Extracted data entries
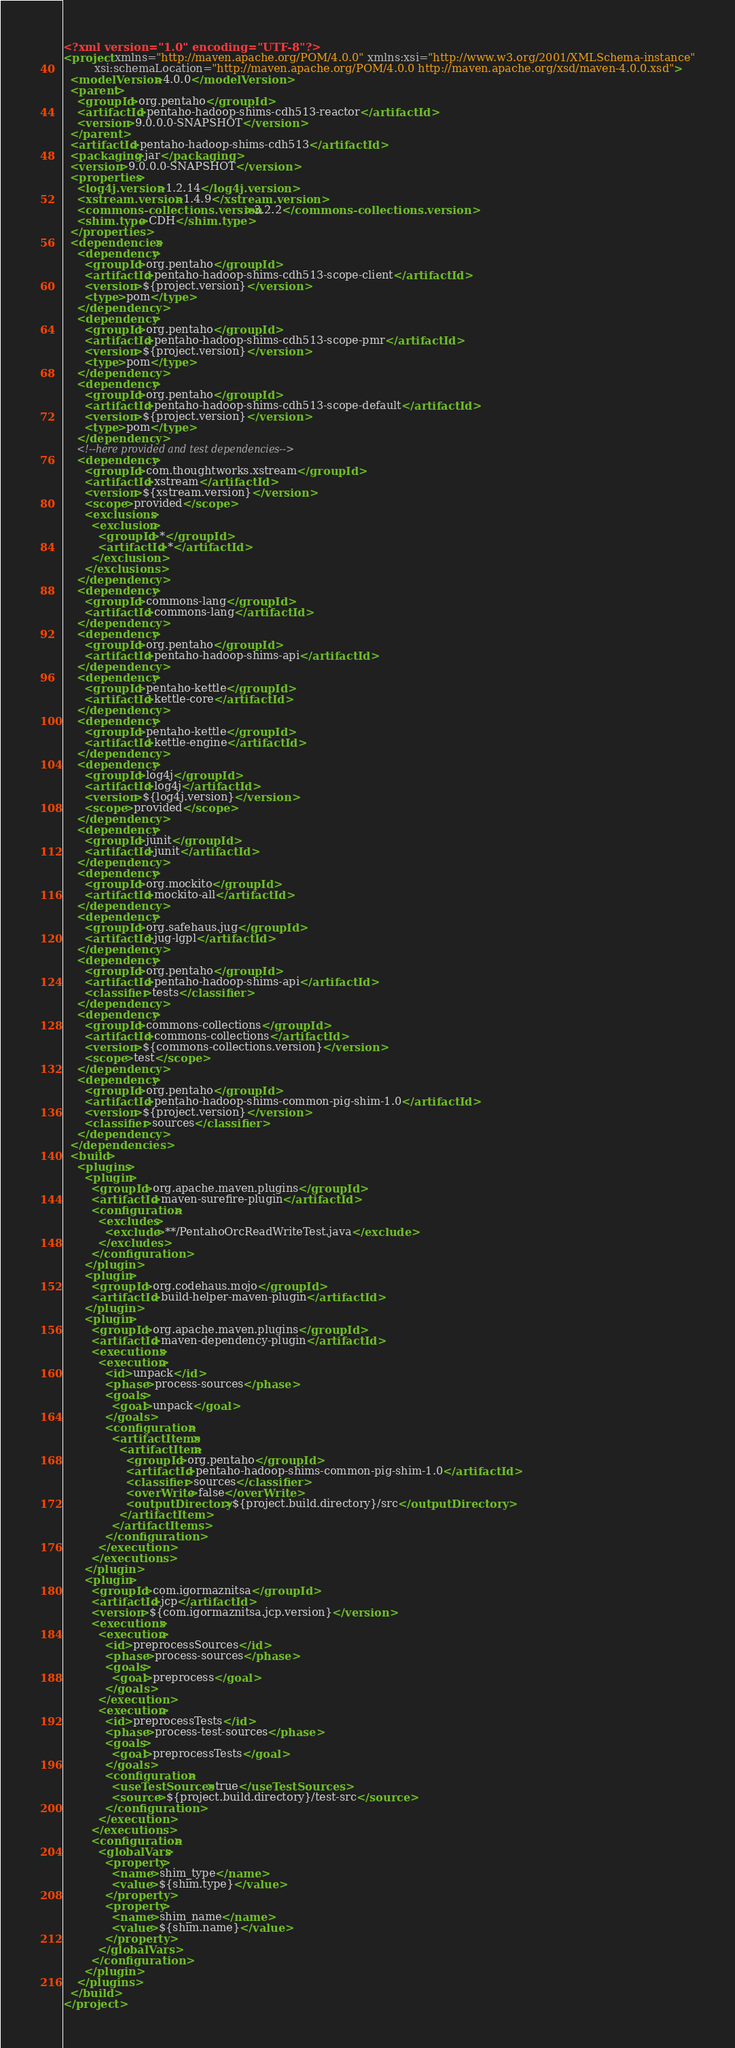<code> <loc_0><loc_0><loc_500><loc_500><_XML_><?xml version="1.0" encoding="UTF-8"?>
<project xmlns="http://maven.apache.org/POM/4.0.0" xmlns:xsi="http://www.w3.org/2001/XMLSchema-instance"
         xsi:schemaLocation="http://maven.apache.org/POM/4.0.0 http://maven.apache.org/xsd/maven-4.0.0.xsd">
  <modelVersion>4.0.0</modelVersion>
  <parent>
    <groupId>org.pentaho</groupId>
    <artifactId>pentaho-hadoop-shims-cdh513-reactor</artifactId>
    <version>9.0.0.0-SNAPSHOT</version>
  </parent>
  <artifactId>pentaho-hadoop-shims-cdh513</artifactId>
  <packaging>jar</packaging>
  <version>9.0.0.0-SNAPSHOT</version>
  <properties>
    <log4j.version>1.2.14</log4j.version>
    <xstream.version>1.4.9</xstream.version>
    <commons-collections.version>3.2.2</commons-collections.version>
    <shim.type>CDH</shim.type>
  </properties>
  <dependencies>
    <dependency>
      <groupId>org.pentaho</groupId>
      <artifactId>pentaho-hadoop-shims-cdh513-scope-client</artifactId>
      <version>${project.version}</version>
      <type>pom</type>
    </dependency>
    <dependency>
      <groupId>org.pentaho</groupId>
      <artifactId>pentaho-hadoop-shims-cdh513-scope-pmr</artifactId>
      <version>${project.version}</version>
      <type>pom</type>
    </dependency>
    <dependency>
      <groupId>org.pentaho</groupId>
      <artifactId>pentaho-hadoop-shims-cdh513-scope-default</artifactId>
      <version>${project.version}</version>
      <type>pom</type>
    </dependency>
    <!--here provided and test dependencies-->
    <dependency>
      <groupId>com.thoughtworks.xstream</groupId>
      <artifactId>xstream</artifactId>
      <version>${xstream.version}</version>
      <scope>provided</scope>
      <exclusions>
        <exclusion>
          <groupId>*</groupId>
          <artifactId>*</artifactId>
        </exclusion>
      </exclusions>
    </dependency>
    <dependency>
      <groupId>commons-lang</groupId>
      <artifactId>commons-lang</artifactId>
    </dependency>
    <dependency>
      <groupId>org.pentaho</groupId>
      <artifactId>pentaho-hadoop-shims-api</artifactId>
    </dependency>
    <dependency>
      <groupId>pentaho-kettle</groupId>
      <artifactId>kettle-core</artifactId>
    </dependency>
    <dependency>
      <groupId>pentaho-kettle</groupId>
      <artifactId>kettle-engine</artifactId>
    </dependency>
    <dependency>
      <groupId>log4j</groupId>
      <artifactId>log4j</artifactId>
      <version>${log4j.version}</version>
      <scope>provided</scope>
    </dependency>
    <dependency>
      <groupId>junit</groupId>
      <artifactId>junit</artifactId>
    </dependency>
    <dependency>
      <groupId>org.mockito</groupId>
      <artifactId>mockito-all</artifactId>
    </dependency>
    <dependency>
      <groupId>org.safehaus.jug</groupId>
      <artifactId>jug-lgpl</artifactId>
    </dependency>
    <dependency>
      <groupId>org.pentaho</groupId>
      <artifactId>pentaho-hadoop-shims-api</artifactId>
      <classifier>tests</classifier>
    </dependency>
    <dependency>
      <groupId>commons-collections</groupId>
      <artifactId>commons-collections</artifactId>
      <version>${commons-collections.version}</version>
      <scope>test</scope>
    </dependency>
    <dependency>
      <groupId>org.pentaho</groupId>
      <artifactId>pentaho-hadoop-shims-common-pig-shim-1.0</artifactId>
      <version>${project.version}</version>
      <classifier>sources</classifier>
    </dependency>
  </dependencies>
  <build>
    <plugins>
      <plugin>
        <groupId>org.apache.maven.plugins</groupId>
        <artifactId>maven-surefire-plugin</artifactId>
        <configuration>
          <excludes>
            <exclude>**/PentahoOrcReadWriteTest.java</exclude>
          </excludes>
        </configuration>
      </plugin>
      <plugin>
        <groupId>org.codehaus.mojo</groupId>
        <artifactId>build-helper-maven-plugin</artifactId>
      </plugin>
      <plugin>
        <groupId>org.apache.maven.plugins</groupId>
        <artifactId>maven-dependency-plugin</artifactId>
        <executions>
          <execution>
            <id>unpack</id>
            <phase>process-sources</phase>
            <goals>
              <goal>unpack</goal>
            </goals>
            <configuration>
              <artifactItems>
                <artifactItem>
                  <groupId>org.pentaho</groupId>
                  <artifactId>pentaho-hadoop-shims-common-pig-shim-1.0</artifactId>
                  <classifier>sources</classifier>
                  <overWrite>false</overWrite>
                  <outputDirectory>${project.build.directory}/src</outputDirectory>
                </artifactItem>
              </artifactItems>
            </configuration>
          </execution>
        </executions>
      </plugin>
      <plugin>
        <groupId>com.igormaznitsa</groupId>
        <artifactId>jcp</artifactId>
        <version>${com.igormaznitsa.jcp.version}</version>
        <executions>
          <execution>
            <id>preprocessSources</id>
            <phase>process-sources</phase>
            <goals>
              <goal>preprocess</goal>
            </goals>
          </execution>
          <execution>
            <id>preprocessTests</id>
            <phase>process-test-sources</phase>
            <goals>
              <goal>preprocessTests</goal>
            </goals>
            <configuration>
              <useTestSources>true</useTestSources>
              <source>${project.build.directory}/test-src</source>
            </configuration>
          </execution>
        </executions>
        <configuration>
          <globalVars>
            <property>
              <name>shim_type</name>
              <value>${shim.type}</value>
            </property>
            <property>
              <name>shim_name</name>
              <value>${shim.name}</value>
            </property>
          </globalVars>
        </configuration>
      </plugin>
    </plugins>
  </build>
</project>
</code>

Problem statement: Your answer must be an exact copy of the records, with every picture left out.

Response box:
<code> <loc_0><loc_0><loc_500><loc_500><_XML_><?xml version="1.0" encoding="UTF-8"?>
<project xmlns="http://maven.apache.org/POM/4.0.0" xmlns:xsi="http://www.w3.org/2001/XMLSchema-instance"
         xsi:schemaLocation="http://maven.apache.org/POM/4.0.0 http://maven.apache.org/xsd/maven-4.0.0.xsd">
  <modelVersion>4.0.0</modelVersion>
  <parent>
    <groupId>org.pentaho</groupId>
    <artifactId>pentaho-hadoop-shims-cdh513-reactor</artifactId>
    <version>9.0.0.0-SNAPSHOT</version>
  </parent>
  <artifactId>pentaho-hadoop-shims-cdh513</artifactId>
  <packaging>jar</packaging>
  <version>9.0.0.0-SNAPSHOT</version>
  <properties>
    <log4j.version>1.2.14</log4j.version>
    <xstream.version>1.4.9</xstream.version>
    <commons-collections.version>3.2.2</commons-collections.version>
    <shim.type>CDH</shim.type>
  </properties>
  <dependencies>
    <dependency>
      <groupId>org.pentaho</groupId>
      <artifactId>pentaho-hadoop-shims-cdh513-scope-client</artifactId>
      <version>${project.version}</version>
      <type>pom</type>
    </dependency>
    <dependency>
      <groupId>org.pentaho</groupId>
      <artifactId>pentaho-hadoop-shims-cdh513-scope-pmr</artifactId>
      <version>${project.version}</version>
      <type>pom</type>
    </dependency>
    <dependency>
      <groupId>org.pentaho</groupId>
      <artifactId>pentaho-hadoop-shims-cdh513-scope-default</artifactId>
      <version>${project.version}</version>
      <type>pom</type>
    </dependency>
    <!--here provided and test dependencies-->
    <dependency>
      <groupId>com.thoughtworks.xstream</groupId>
      <artifactId>xstream</artifactId>
      <version>${xstream.version}</version>
      <scope>provided</scope>
      <exclusions>
        <exclusion>
          <groupId>*</groupId>
          <artifactId>*</artifactId>
        </exclusion>
      </exclusions>
    </dependency>
    <dependency>
      <groupId>commons-lang</groupId>
      <artifactId>commons-lang</artifactId>
    </dependency>
    <dependency>
      <groupId>org.pentaho</groupId>
      <artifactId>pentaho-hadoop-shims-api</artifactId>
    </dependency>
    <dependency>
      <groupId>pentaho-kettle</groupId>
      <artifactId>kettle-core</artifactId>
    </dependency>
    <dependency>
      <groupId>pentaho-kettle</groupId>
      <artifactId>kettle-engine</artifactId>
    </dependency>
    <dependency>
      <groupId>log4j</groupId>
      <artifactId>log4j</artifactId>
      <version>${log4j.version}</version>
      <scope>provided</scope>
    </dependency>
    <dependency>
      <groupId>junit</groupId>
      <artifactId>junit</artifactId>
    </dependency>
    <dependency>
      <groupId>org.mockito</groupId>
      <artifactId>mockito-all</artifactId>
    </dependency>
    <dependency>
      <groupId>org.safehaus.jug</groupId>
      <artifactId>jug-lgpl</artifactId>
    </dependency>
    <dependency>
      <groupId>org.pentaho</groupId>
      <artifactId>pentaho-hadoop-shims-api</artifactId>
      <classifier>tests</classifier>
    </dependency>
    <dependency>
      <groupId>commons-collections</groupId>
      <artifactId>commons-collections</artifactId>
      <version>${commons-collections.version}</version>
      <scope>test</scope>
    </dependency>
    <dependency>
      <groupId>org.pentaho</groupId>
      <artifactId>pentaho-hadoop-shims-common-pig-shim-1.0</artifactId>
      <version>${project.version}</version>
      <classifier>sources</classifier>
    </dependency>
  </dependencies>
  <build>
    <plugins>
      <plugin>
        <groupId>org.apache.maven.plugins</groupId>
        <artifactId>maven-surefire-plugin</artifactId>
        <configuration>
          <excludes>
            <exclude>**/PentahoOrcReadWriteTest.java</exclude>
          </excludes>
        </configuration>
      </plugin>
      <plugin>
        <groupId>org.codehaus.mojo</groupId>
        <artifactId>build-helper-maven-plugin</artifactId>
      </plugin>
      <plugin>
        <groupId>org.apache.maven.plugins</groupId>
        <artifactId>maven-dependency-plugin</artifactId>
        <executions>
          <execution>
            <id>unpack</id>
            <phase>process-sources</phase>
            <goals>
              <goal>unpack</goal>
            </goals>
            <configuration>
              <artifactItems>
                <artifactItem>
                  <groupId>org.pentaho</groupId>
                  <artifactId>pentaho-hadoop-shims-common-pig-shim-1.0</artifactId>
                  <classifier>sources</classifier>
                  <overWrite>false</overWrite>
                  <outputDirectory>${project.build.directory}/src</outputDirectory>
                </artifactItem>
              </artifactItems>
            </configuration>
          </execution>
        </executions>
      </plugin>
      <plugin>
        <groupId>com.igormaznitsa</groupId>
        <artifactId>jcp</artifactId>
        <version>${com.igormaznitsa.jcp.version}</version>
        <executions>
          <execution>
            <id>preprocessSources</id>
            <phase>process-sources</phase>
            <goals>
              <goal>preprocess</goal>
            </goals>
          </execution>
          <execution>
            <id>preprocessTests</id>
            <phase>process-test-sources</phase>
            <goals>
              <goal>preprocessTests</goal>
            </goals>
            <configuration>
              <useTestSources>true</useTestSources>
              <source>${project.build.directory}/test-src</source>
            </configuration>
          </execution>
        </executions>
        <configuration>
          <globalVars>
            <property>
              <name>shim_type</name>
              <value>${shim.type}</value>
            </property>
            <property>
              <name>shim_name</name>
              <value>${shim.name}</value>
            </property>
          </globalVars>
        </configuration>
      </plugin>
    </plugins>
  </build>
</project>
</code>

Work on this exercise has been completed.